# Electromagnetic field tensor: change in kinetic energy

Required math: algebra

Required physics: special relativity

Reference: Moore, Thomas A., A General Relativity Workbook, University Science Books (2013) – Chapter 4; Problems 4.7.

In the last post, we introduced the electromagnetic field tensor ${F^{ij}}$:

$\displaystyle F^{ij}=\left[\begin{array}{cccc} 0 & E_{x} & E_{y} & E_{z}\\ -E_{x} & 0 & B_{z} & -B_{y}\\ -E_{y} & -B_{z} & 0 & B_{x}\\ -E_{z} & B_{y} & -B_{x} & 0 \end{array}\right] \ \ \ \ \ (1)$

In terms of ${F^{ij}}$, the electric and magnetic (Lorentz) force laws for a charge ${q}$ can be combined into a single equation:

$\displaystyle \frac{dp^{i}}{d\tau}=qF^{ij}\eta_{ja}u^{a} \ \ \ \ \ (2)$

where ${u^{a}=\gamma\left[1,v_{x},v_{y},v_{z}\right]}$ is the four-velocity. The three spatial components give the force law, but what about the time component? The time component of the four-momentum is the relativistic energy which, for a particle of rest mass ${m}$ is ${\gamma m}$. If we expand this in a Taylor series for small ${v}$, we get

$\displaystyle \gamma m=m+\frac{1}{2}mv^{2}+\ldots \ \ \ \ \ (3)$

Thus the relativistic energy is the rest mass plus the Newtonian kinetic energy (plus higher order terms). In the small-${v}$ limit, ${\gamma\rightarrow1}$ and the ${t}$ component of 2 therefore is

 $\displaystyle \frac{d}{d\tau}\left(m+\frac{1}{2}mv^{2}\right)$ $\displaystyle =$ $\displaystyle q\left[\gamma E_{x}v_{x}+\gamma E_{y}v_{y}+\gamma E_{z}v_{z}\right]\ \ \ \ \ (4)$ $\displaystyle$ $\displaystyle =$ $\displaystyle q\gamma\mathbf{v}\cdot\mathbf{E}\ \ \ \ \ (5)$ $\displaystyle$ $\displaystyle \approx$ $\displaystyle q\mathbf{v}\cdot\mathbf{E} \ \ \ \ \ (6)$

Since the rest mass doesn’t change, this equation is saying that the rate of change of kinetic energy is ${q\mathbf{v}\cdot\mathbf{E}}$. Does this make sense?

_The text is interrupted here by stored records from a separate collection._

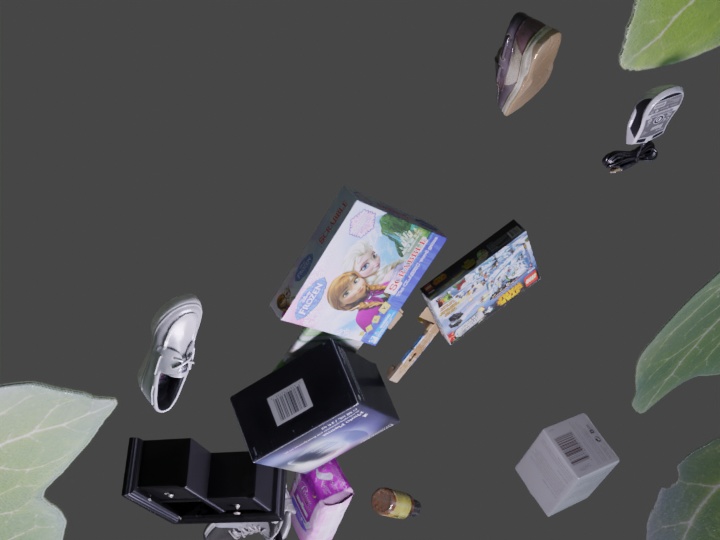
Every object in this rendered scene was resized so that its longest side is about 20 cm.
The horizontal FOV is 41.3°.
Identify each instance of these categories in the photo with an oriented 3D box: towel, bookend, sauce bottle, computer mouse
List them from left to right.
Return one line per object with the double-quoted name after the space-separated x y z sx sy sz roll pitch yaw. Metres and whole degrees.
-0.239 0.332 1.508 0.197 0.093 0.199 -5 152 12 "bookend"
-0.044 0.097 1.529 0.148 0.031 0.201 3 136 -43 "towel"
0.092 0.558 2.270 0.066 0.066 0.200 -40 148 10 "sauce bottle"
0.457 -0.236 1.529 0.108 0.044 0.201 -19 152 -17 "computer mouse"

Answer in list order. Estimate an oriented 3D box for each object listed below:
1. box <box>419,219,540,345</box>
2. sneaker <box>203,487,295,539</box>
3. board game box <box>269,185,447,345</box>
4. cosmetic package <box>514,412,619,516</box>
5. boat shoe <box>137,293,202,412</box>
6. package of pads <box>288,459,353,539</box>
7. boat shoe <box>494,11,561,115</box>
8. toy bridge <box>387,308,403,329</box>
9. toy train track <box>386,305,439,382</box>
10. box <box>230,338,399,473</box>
0.205 0.022 1.611 0.199 0.040 0.137 -35 138 -6 "box"
-0.208 0.499 1.841 0.199 0.116 0.075 -39 150 8 "sneaker"
0.000 0.000 1.351 0.198 0.041 0.201 18 111 -44 "board game box"
0.555 0.524 2.581 0.163 0.166 0.201 -14 145 -32 "cosmetic package"
-0.256 0.117 1.298 0.071 0.069 0.201 -4 138 -41 "boat shoe"
-0.086 0.458 1.899 0.075 0.121 0.201 -15 145 -29 "package of pads"
0.203 -0.264 1.216 0.072 0.065 0.200 -39 169 -8 "boat shoe"
0.016 0.016 1.433 0.067 0.027 0.200 -48 139 -4 "toy bridge"
0.110 0.110 1.672 0.114 0.033 0.201 24 109 -45 "toy train track"
-0.068 0.227 1.552 0.199 0.124 0.198 -30 156 12 "box"
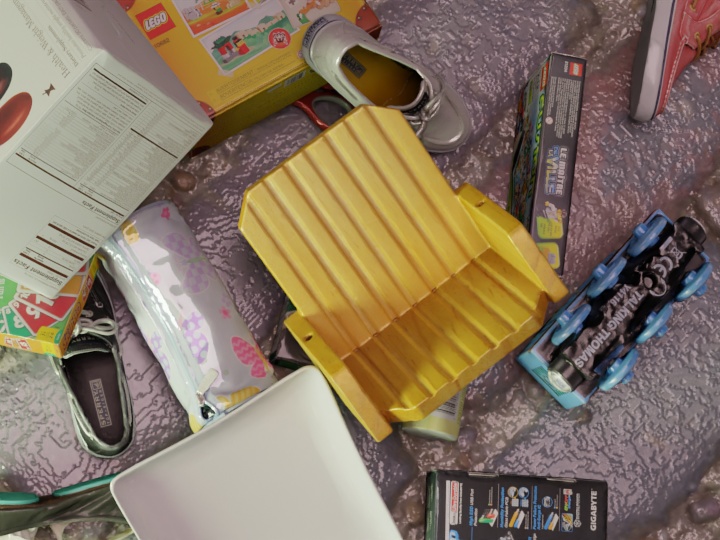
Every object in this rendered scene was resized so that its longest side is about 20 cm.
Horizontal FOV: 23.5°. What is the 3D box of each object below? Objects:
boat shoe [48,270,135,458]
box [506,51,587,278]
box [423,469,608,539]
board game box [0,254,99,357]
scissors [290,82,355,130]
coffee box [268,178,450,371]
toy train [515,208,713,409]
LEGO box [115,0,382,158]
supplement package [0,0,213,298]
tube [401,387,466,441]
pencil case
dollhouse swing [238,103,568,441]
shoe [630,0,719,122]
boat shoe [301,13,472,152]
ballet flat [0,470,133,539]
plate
[{"bbox_3d":[-0.238,0.061,1.470,0.073,0.068,0.201,-11,80,-12],"label":"boat shoe"},{"bbox_3d":[0.161,-0.082,1.549,0.034,0.110,0.202,10,76,-8],"label":"box"},{"bbox_3d":[0.133,0.277,1.502,0.158,0.046,0.202,4,78,-9],"label":"box"},{"bbox_3d":[-0.328,0.010,1.448,0.198,0.030,0.096,10,55,11],"label":"board game box"},{"bbox_3d":[-0.088,-0.174,1.576,0.198,0.014,0.074,13,76,-5],"label":"scissors"},{"bbox_3d":[0.000,0.000,1.537,0.122,0.044,0.201,16,76,-6],"label":"coffee box"},{"bbox_3d":[0.228,0.032,1.535,0.087,0.114,0.200,43,75,-3],"label":"toy train"},{"bbox_3d":[-0.104,-0.217,1.538,0.199,0.077,0.149,-30,78,-15],"label":"LEGO box"},{"bbox_3d":[-0.266,-0.128,1.393,0.200,0.147,0.191,-46,53,9],"label":"supplement package"},{"bbox_3d":[0.079,0.049,1.538,0.052,0.058,0.202,12,78,-2],"label":"tube"},{"bbox_3d":[-0.152,0.040,1.480,0.090,0.083,0.201,-21,80,-51],"label":"pencil case"},{"bbox_3d":[0.024,-0.012,1.420,0.199,0.182,0.176,-36,119,-6],"label":"dollhouse swing"},{"bbox_3d":[0.313,-0.226,1.624,0.090,0.072,0.201,14,72,-1],"label":"shoe"},{"bbox_3d":[0.041,-0.151,1.509,0.202,0.086,0.075,35,95,-40],"label":"boat shoe"},{"bbox_3d":[-0.260,0.209,1.438,0.198,0.068,0.069,-6,88,-11],"label":"ballet flat"},{"bbox_3d":[-0.085,0.205,1.454,0.199,0.032,0.201,-30,109,-11],"label":"plate"}]
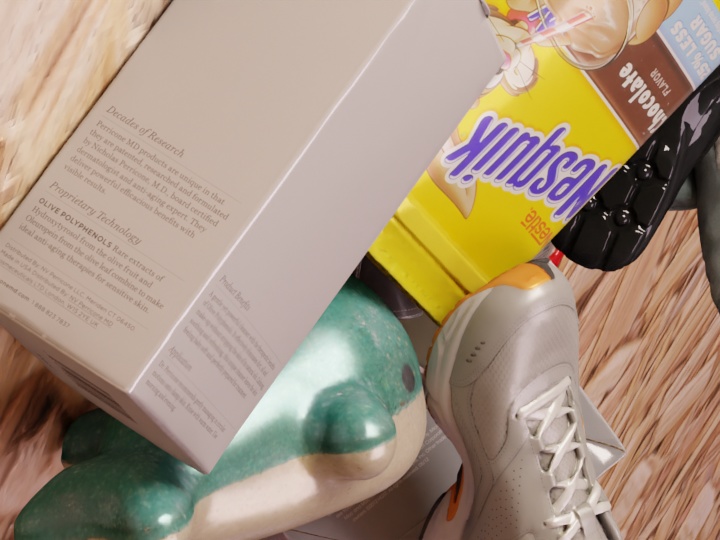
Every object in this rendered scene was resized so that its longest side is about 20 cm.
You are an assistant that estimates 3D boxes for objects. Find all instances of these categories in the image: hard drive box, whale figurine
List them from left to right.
[{"bbox_3d":[-0.059,0.055,1.138,0.200,0.159,0.104,-28,110,-54],"label":"whale figurine"},{"bbox_3d":[0.021,0.112,1.378,0.156,0.077,0.200,-37,-178,-15],"label":"hard drive box"}]

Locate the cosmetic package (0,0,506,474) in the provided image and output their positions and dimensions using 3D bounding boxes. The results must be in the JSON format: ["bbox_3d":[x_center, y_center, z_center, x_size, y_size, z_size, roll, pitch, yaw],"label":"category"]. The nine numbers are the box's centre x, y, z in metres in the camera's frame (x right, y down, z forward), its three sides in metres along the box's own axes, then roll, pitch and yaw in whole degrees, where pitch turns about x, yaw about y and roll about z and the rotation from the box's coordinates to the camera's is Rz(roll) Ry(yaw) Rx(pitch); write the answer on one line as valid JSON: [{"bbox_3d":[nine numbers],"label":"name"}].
[{"bbox_3d":[-0.041,-0.038,1.044,0.200,0.085,0.108,-55,157,-11],"label":"cosmetic package"}]

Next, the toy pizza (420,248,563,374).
[{"bbox_3d":[0.081,-0.005,1.591,0.200,0.032,0.200,-51,164,-21],"label":"toy pizza"}]

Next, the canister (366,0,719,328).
[{"bbox_3d":[0.065,-0.084,1.171,0.200,0.087,0.149,-46,143,0],"label":"canister"}]

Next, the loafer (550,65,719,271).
[{"bbox_3d":[0.143,-0.093,1.292,0.201,0.068,0.070,-61,-179,9],"label":"loafer"}]

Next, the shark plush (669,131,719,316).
[{"bbox_3d":[0.161,-0.056,1.331,0.083,0.200,0.091,-36,147,5],"label":"shark plush"}]

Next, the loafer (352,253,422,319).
[{"bbox_3d":[0.000,0.000,1.281,0.200,0.072,0.073,-63,163,20],"label":"loafer"}]

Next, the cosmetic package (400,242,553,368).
[{"bbox_3d":[0.065,-0.060,1.361,0.105,0.071,0.200,-31,150,-56],"label":"cosmetic package"}]

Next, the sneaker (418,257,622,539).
[{"bbox_3d":[0.079,0.087,1.195,0.076,0.092,0.200,-25,135,-28],"label":"sneaker"}]
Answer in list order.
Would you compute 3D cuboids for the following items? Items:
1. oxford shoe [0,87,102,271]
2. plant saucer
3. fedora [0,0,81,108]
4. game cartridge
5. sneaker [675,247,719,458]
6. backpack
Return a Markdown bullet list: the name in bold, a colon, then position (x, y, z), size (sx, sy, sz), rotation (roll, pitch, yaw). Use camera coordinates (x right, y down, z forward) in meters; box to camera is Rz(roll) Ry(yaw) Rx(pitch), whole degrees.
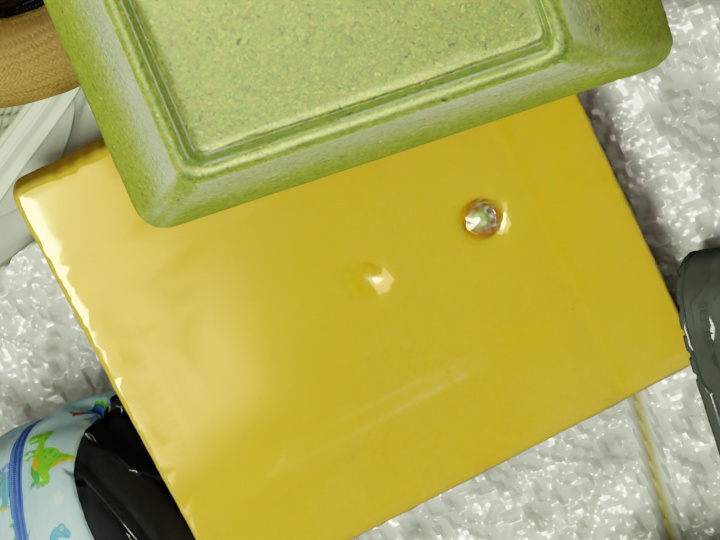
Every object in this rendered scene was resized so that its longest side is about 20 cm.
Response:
- **oxford shoe**: position (-0.141, -0.029, 1.000), size (0.058, 0.075, 0.200), rotation (20, 126, -35)
- **plant saucer**: position (-0.018, -0.117, 0.845), size (0.199, 0.048, 0.200), rotation (-18, 114, 10)
- **fedora**: position (-0.137, -0.159, 0.910), size (0.200, 0.082, 0.202), rotation (-3, 101, -17)
- **game cartridge**: position (0.000, 0.000, 0.949), size (0.199, 0.032, 0.177), rotation (-26, 104, 1)
- **sneaker**: position (0.182, 0.046, 0.945), size (0.104, 0.060, 0.201), rotation (-13, 106, 25)
- **backpack**: position (-0.086, 0.148, 1.013), size (0.153, 0.163, 0.201), rotation (-11, 103, 27)
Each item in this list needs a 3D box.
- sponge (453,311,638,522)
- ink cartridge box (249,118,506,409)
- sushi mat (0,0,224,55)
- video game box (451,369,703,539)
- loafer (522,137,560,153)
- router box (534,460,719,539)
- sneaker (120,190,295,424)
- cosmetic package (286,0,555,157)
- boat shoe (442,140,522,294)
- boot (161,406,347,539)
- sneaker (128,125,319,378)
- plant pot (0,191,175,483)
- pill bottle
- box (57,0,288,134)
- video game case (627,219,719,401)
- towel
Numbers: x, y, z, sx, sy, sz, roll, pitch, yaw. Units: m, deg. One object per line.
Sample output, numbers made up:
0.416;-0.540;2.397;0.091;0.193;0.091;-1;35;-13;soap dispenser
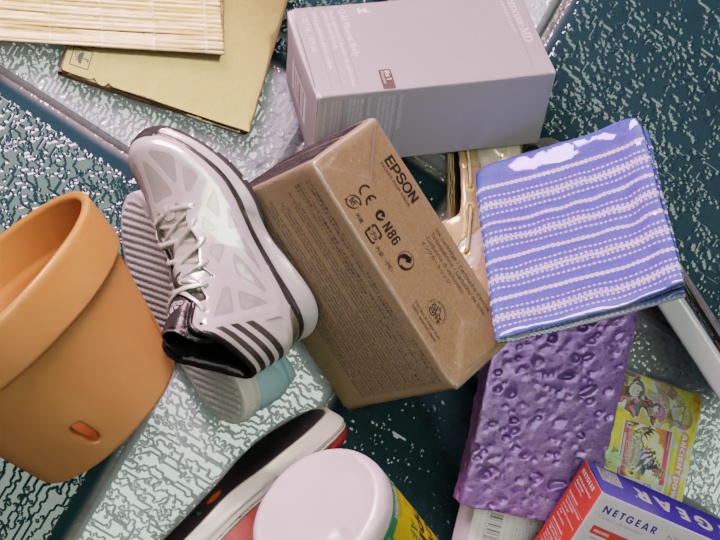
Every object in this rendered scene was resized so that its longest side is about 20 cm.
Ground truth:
0.147;0.094;1.226;0.111;0.030;0.202;11;95;-9;sponge
0.000;0.000;1.205;0.075;0.164;0.201;-39;102;-30;ink cartridge box
-0.205;-0.224;1.245;0.198;0.012;0.097;2;86;-10;sushi mat
0.179;0.173;1.295;0.181;0.047;0.202;18;77;-13;video game box
0.160;-0.017;1.286;0.069;0.070;0.201;-1;65;-26;loafer
0.219;0.268;1.239;0.199;0.049;0.180;25;107;-18;router box
-0.120;0.022;1.249;0.082;0.074;0.201;-24;86;-43;sneaker
0.046;-0.156;1.264;0.198;0.091;0.107;-10;52;-12;cosmetic package
0.083;-0.025;1.291;0.069;0.074;0.202;12;73;-8;boat shoe
-0.057;0.218;1.243;0.200;0.072;0.144;-45;103;-12;boot
-0.121;-0.008;1.159;0.201;0.075;0.115;52;41;-6;sneaker
-0.232;0.061;1.158;0.200;0.200;0.140;-45;112;-12;plant pot
0.011;0.233;1.193;0.113;0.113;0.200;-46;132;-12;pill bottle
-0.139;-0.229;1.278;0.162;0.021;0.202;17;82;-11;box
0.265;0.033;1.275;0.023;0.182;0.201;-32;94;13;video game case
0.160;-0.035;1.180;0.144;0.201;0.024;-16;129;12;towel
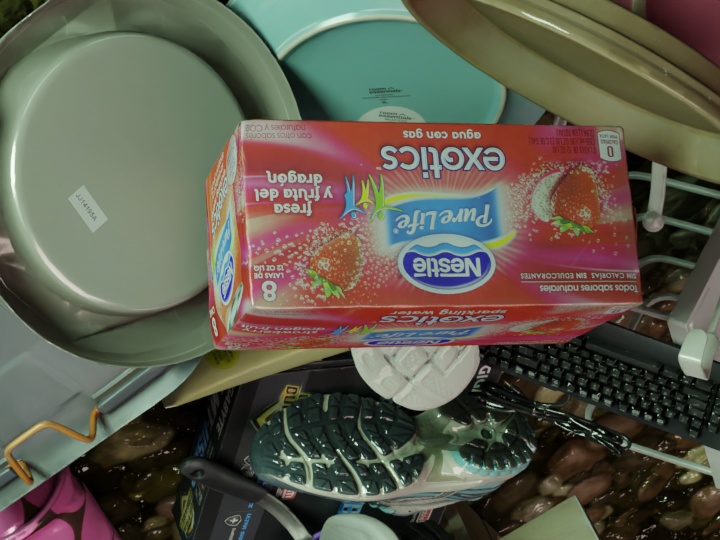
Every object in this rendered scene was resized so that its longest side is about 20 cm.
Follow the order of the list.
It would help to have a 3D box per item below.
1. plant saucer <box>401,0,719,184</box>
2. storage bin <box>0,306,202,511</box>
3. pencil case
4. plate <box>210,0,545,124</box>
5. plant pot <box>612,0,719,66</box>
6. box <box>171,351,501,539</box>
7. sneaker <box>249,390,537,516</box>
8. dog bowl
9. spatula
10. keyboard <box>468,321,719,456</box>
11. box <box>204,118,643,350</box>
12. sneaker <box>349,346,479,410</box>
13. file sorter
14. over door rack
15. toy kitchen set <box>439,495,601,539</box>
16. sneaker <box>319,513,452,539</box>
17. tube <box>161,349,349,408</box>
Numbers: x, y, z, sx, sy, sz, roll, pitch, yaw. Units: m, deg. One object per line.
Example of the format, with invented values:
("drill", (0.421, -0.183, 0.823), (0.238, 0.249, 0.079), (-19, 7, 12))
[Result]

The force on a charge in an electric field is ${q\mathbf{E}}$, so the work done by this field in moving the charge through a distance ${d\mathbf{r}}$ is ${q\left(d\mathbf{r}\cdot\mathbf{E}\right)}$. This work accelerates the charge, thus increasing its kinetic energy. The rate at which the kinetic energy increases is therefore ${q\frac{d}{dt}\left(d\mathbf{r}\cdot\mathbf{E}\right)=q\mathbf{v}\cdot\mathbf{E}}$.

Since the magnetic force on a charge is always perpendicular to the direction of motion, magnetic forces do no work, so there is no contribution to the kinetic energy from the magnetic field.